Task goal: Pictures excluded, copy every record that follows exactly as it appears.

━━ Supplied data ━━

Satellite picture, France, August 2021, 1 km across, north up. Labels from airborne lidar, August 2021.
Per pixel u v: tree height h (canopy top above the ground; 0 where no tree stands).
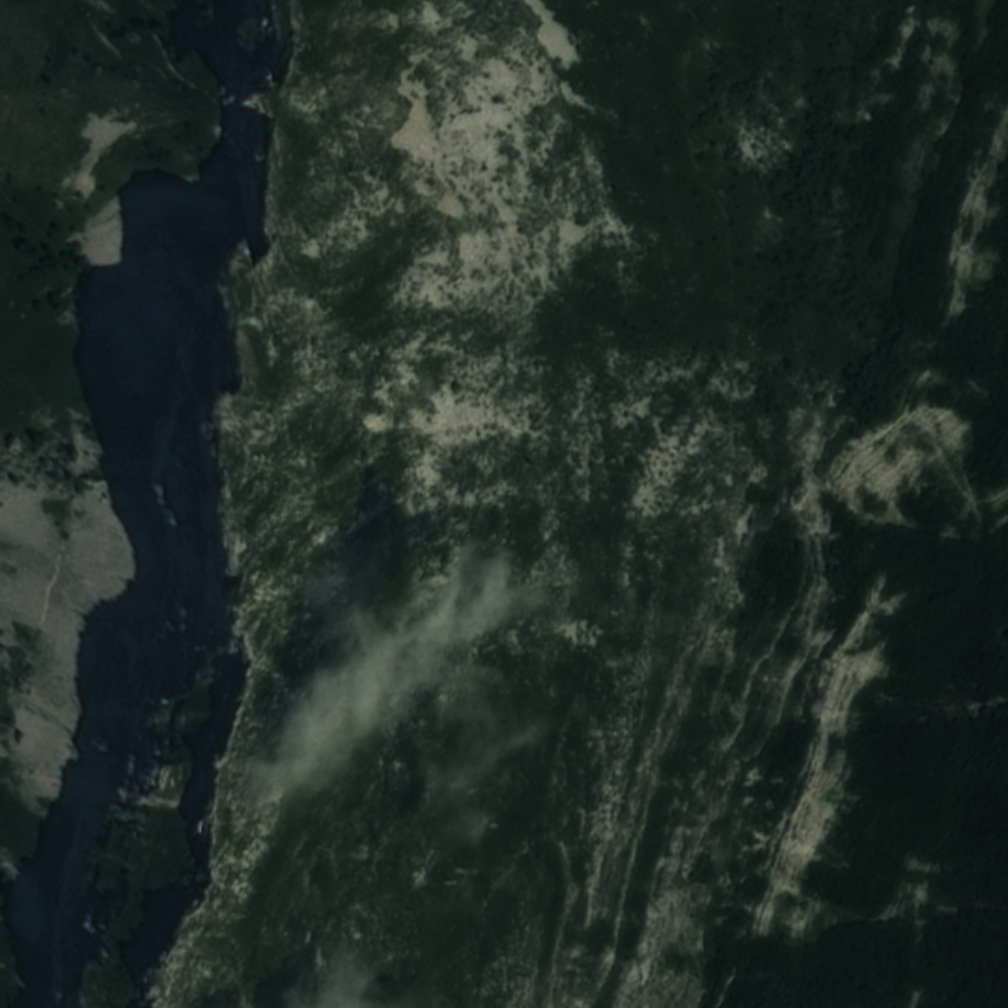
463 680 0
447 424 0
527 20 0
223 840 0
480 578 0
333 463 0
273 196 0
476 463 0
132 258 0
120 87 0
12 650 0
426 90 0
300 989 0
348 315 0
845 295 10
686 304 0
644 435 0
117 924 0
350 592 0
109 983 0
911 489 7
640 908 0
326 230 0
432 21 0
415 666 0
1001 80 7
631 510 0
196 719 0
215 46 0
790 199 13
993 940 17
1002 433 14
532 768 0
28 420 0
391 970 0
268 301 0
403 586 0
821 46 0
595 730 0
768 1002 17
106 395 0
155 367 0
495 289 0
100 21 0
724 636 0
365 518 0
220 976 0
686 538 0
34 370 0
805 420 0
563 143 0
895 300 7
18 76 0
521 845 0
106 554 0
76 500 0
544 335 0
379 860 0
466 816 0
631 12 0
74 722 0
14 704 0
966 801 14
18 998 0
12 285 0
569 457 0
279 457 0
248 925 0
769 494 8
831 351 0
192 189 0
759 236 0
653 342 0
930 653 10
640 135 0
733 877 10
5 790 0
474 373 0
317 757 0
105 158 0
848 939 11
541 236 0
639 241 0
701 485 0
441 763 0
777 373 6
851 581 8
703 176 0
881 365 15
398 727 0
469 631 0
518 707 0
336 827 0
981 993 21
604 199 0
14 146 0
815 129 9
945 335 9
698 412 0
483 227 0
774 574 7
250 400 0
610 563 0
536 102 0
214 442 0
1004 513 9
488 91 0
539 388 0
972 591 13
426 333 0
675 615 0
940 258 9
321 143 0
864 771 10
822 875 12
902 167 10
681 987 0
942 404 9
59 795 0
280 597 0
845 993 21
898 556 9
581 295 0
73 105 0
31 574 0
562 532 0
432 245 0
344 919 0
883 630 7
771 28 0
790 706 0
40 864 0
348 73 0
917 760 14
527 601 0
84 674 0
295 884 0
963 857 14
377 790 0
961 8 6
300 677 0
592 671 0
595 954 0
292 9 0
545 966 0
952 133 11
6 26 0
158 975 0
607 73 0
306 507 0
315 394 0
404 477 0
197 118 0
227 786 0
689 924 0
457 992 0
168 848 0
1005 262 9
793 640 6
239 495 0
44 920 0
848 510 6
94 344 0
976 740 15
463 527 0
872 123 9
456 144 0
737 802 0
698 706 0
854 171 8
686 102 0
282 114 0
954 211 11
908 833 10
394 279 0
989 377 11
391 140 0
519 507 0
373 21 0
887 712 6
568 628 0
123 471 0
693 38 0
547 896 0
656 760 0
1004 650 24
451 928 0
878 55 9
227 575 0
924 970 8
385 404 0
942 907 6
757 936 8
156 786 0
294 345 0
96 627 0
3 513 0
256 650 0
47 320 0
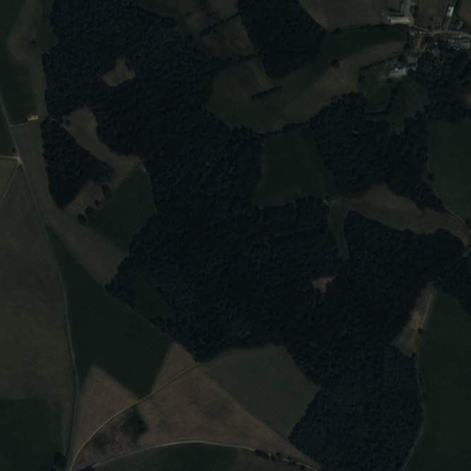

━━━

Response to this task:
Satellite picture, France, August 2021, 1 km across, north up. Labels from airborne lidar, August 2021.
Per pixel u v: tree height h (canopy top above the ground; 0 where no tree stands).
463 680 0
447 424 0
527 20 0
223 840 0
480 578 0
333 463 0
273 196 0
476 463 0
132 258 0
120 87 0
12 650 0
426 90 0
300 989 0
348 315 0
845 295 10
686 304 0
644 435 0
117 924 0
350 592 0
109 983 0
911 489 7
640 908 0
326 230 0
432 21 0
415 666 0
1001 80 7
631 510 0
196 719 0
215 46 0
790 199 13
993 940 17
1002 433 14
532 768 0
28 420 0
391 970 0
268 301 0
403 586 0
821 46 0
595 730 0
768 1002 17
106 395 0
155 367 0
495 289 0
100 21 0
724 636 0
365 518 0
220 976 0
686 538 0
34 370 0
805 420 0
563 143 0
895 300 7
18 76 0
521 845 0
106 554 0
76 500 0
544 335 0
379 860 0
466 816 0
631 12 0
74 722 0
14 704 0
966 801 14
18 998 0
12 285 0
569 457 0
279 457 0
248 925 0
769 494 8
831 351 0
192 189 0
759 236 0
653 342 0
930 653 10
640 135 0
733 877 10
5 790 0
474 373 0
317 757 0
105 158 0
848 939 11
541 236 0
639 241 0
701 485 0
441 763 0
777 373 6
851 581 8
703 176 0
881 365 15
398 727 0
469 631 0
518 707 0
336 827 0
981 993 21
604 199 0
14 146 0
815 129 9
945 335 9
698 412 0
483 227 0
774 574 7
250 400 0
610 563 0
536 102 0
214 442 0
1004 513 9
488 91 0
539 388 0
972 591 13
426 333 0
675 615 0
940 258 9
321 143 0
864 771 10
822 875 12
902 167 10
681 987 0
942 404 9
59 795 0
280 597 0
845 993 21
898 556 9
581 295 0
73 105 0
31 574 0
562 532 0
432 245 0
344 919 0
883 630 7
771 28 0
790 706 0
40 864 0
348 73 0
917 760 14
527 601 0
84 674 0
295 884 0
963 857 14
377 790 0
961 8 6
300 677 0
592 671 0
595 954 0
292 9 0
545 966 0
952 133 11
6 26 0
158 975 0
607 73 0
306 507 0
315 394 0
404 477 0
197 118 0
227 786 0
689 924 0
457 992 0
168 848 0
1005 262 9
793 640 6
239 495 0
44 920 0
848 510 6
94 344 0
976 740 15
463 527 0
872 123 9
456 144 0
737 802 0
698 706 0
854 171 8
686 102 0
282 114 0
954 211 11
908 833 10
394 279 0
989 377 11
391 140 0
519 507 0
373 21 0
887 712 6
568 628 0
123 471 0
693 38 0
547 896 0
656 760 0
1004 650 24
451 928 0
878 55 9
227 575 0
924 970 8
385 404 0
942 907 6
757 936 8
156 786 0
294 345 0
96 627 0
3 513 0
256 650 0
47 320 0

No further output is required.